Genetic Sequencing of Wastewater: Prevalence to Relative Abundance

Back in September I wrote:

In thinking about how you might identify future pandemics by sequencing wastewater, you might have a goal of raising an alert before some fraction of people were currently infected. What you’re actually able to observe, however, are sequencing reads, several steps removed from infection rates. Can we use covid data to estimate how the fraction of people currently infected with some pathogen might translate into the fraction of wastewater sequencing reads that match the pathogen?

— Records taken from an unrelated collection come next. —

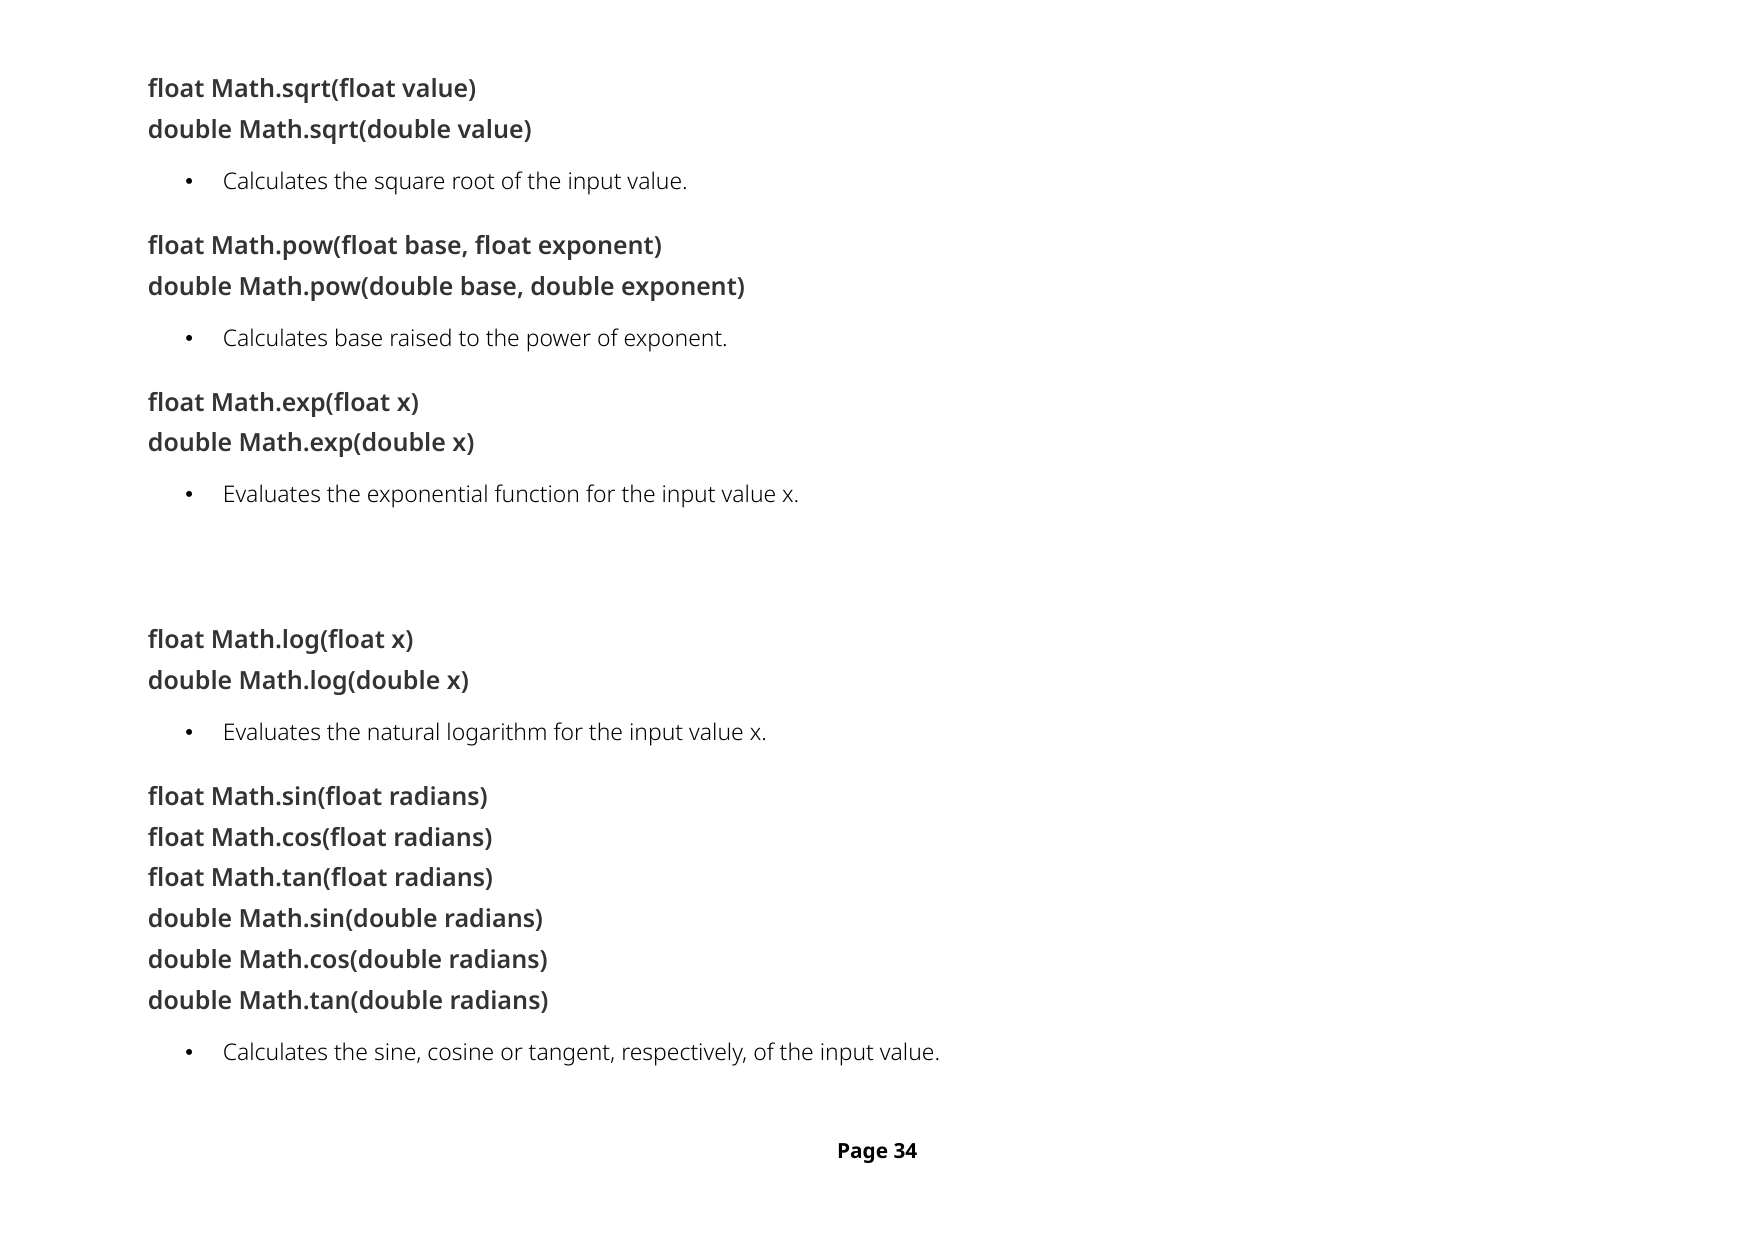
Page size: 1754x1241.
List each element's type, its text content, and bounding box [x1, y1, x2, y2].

subtitle float Math.sin(float radians) float Math.cos(float radians) float Math.tan(float radians) double Math.sin(double radians) double Math.cos(double radians) double Math.tan(double radians) [148, 778, 1606, 1017]
list Calculates the square root of the input value. [185, 165, 1606, 196]
subtitle float Math.pow(float base, float exponent) double Math.pow(double base, double exponent) [148, 227, 1606, 302]
subtitle float Math.sqrt(float value) double Math.sqrt(double value) [148, 71, 1606, 146]
subtitle float Math.log(float x) double Math.log(double x) [148, 622, 1606, 697]
list Evaluates the natural logarithm for the input value x. [185, 716, 1606, 747]
list Calculates base raised to the power of exponent. [185, 322, 1606, 353]
subtitle float Math.exp(float x) double Math.exp(double x) [148, 384, 1606, 459]
list Evaluates the exponential function for the input value x. [185, 478, 1606, 509]
list Calculates the sine, cosine or tangent, respectively, of the input value. [185, 1036, 1606, 1067]

In that post I looked at a single pathogen (SARS-CoV-2) in a single metagenomic sequencing dataset (Rothman et al 2021) and got a very rough point estimate (2.3e-8 relative abundance at 0.1% prevalence). What fraction of sequencing reads might come from a novel pathogen at some level of prevalence continues to be a key question, however, and this quarter I’m working with several other people at the NAO in trying to get a better understanding here.

Specifically, we’d like to understand how relative abundance (fraction of sequencing reads matching an organism) varies with of prevalence (what fraction of people are currently infected) and organism (ex: since we’re sampling wastewater you’d expect disproportionately more gastrointestinal than blood pathogens).

Here’s the current plan:

Gather wastewater metagenomic sequencing data, mostly by looking at papers that published it in the Sequencing Read Archive. I’d love it if we could also include our own data here, but we aren’t far enough along to have much yet.
Process the sequencing data (code) to clean it (remove adapters, trim low-quality bases, collapse paired-end reads) and identify the reads (assign them to taxonomic nodes).
Gather corresponding estimates for the prevalence of various human viruses in the populations contributing to the metagenomic data. (code)
Build and fit a model for relative abundance as a function of prevalence, sequencing method, and the type of organism.

Overall, this would be a big step forwards towards estimating the feasibility of this kind of detection: cost should be inversely proportional to relative abundance.

We’re reasonably far along on (1) and (2), and if you’re curious you can poke around. That shows the counts for human-infecting viruses across samples. It’s rough (ex: we’re not doing any correction for PCR duplication yet) so don’t take it too seriously and let us know if you see something suspicious. On (3) and (4) things are much earlier: we currently have prevalence estimates for five viruses and I’d like to get at least ten times this many.

(If you’re curious why I haven’t been talking more about writing a book since my post a month ago, this is a lot of it. Right around when I posted that I moved from mostly doing individual work to leading this project, and the opportunity cost of taking time away became much higher. I do still want to write something summarizing the advice I got from people around making a book, though, and it’s possible I’ll come back to the book project.)

This post describes in-progress work at the NAO and covers work from a team including Simon Grimm and Asher Parker-Sartori estimating prevalences, Dan Rice modeling, Will Bradshaw evaluating sequencing methods, and Mike McLaren identifying relevant papers and providing general technical guidance.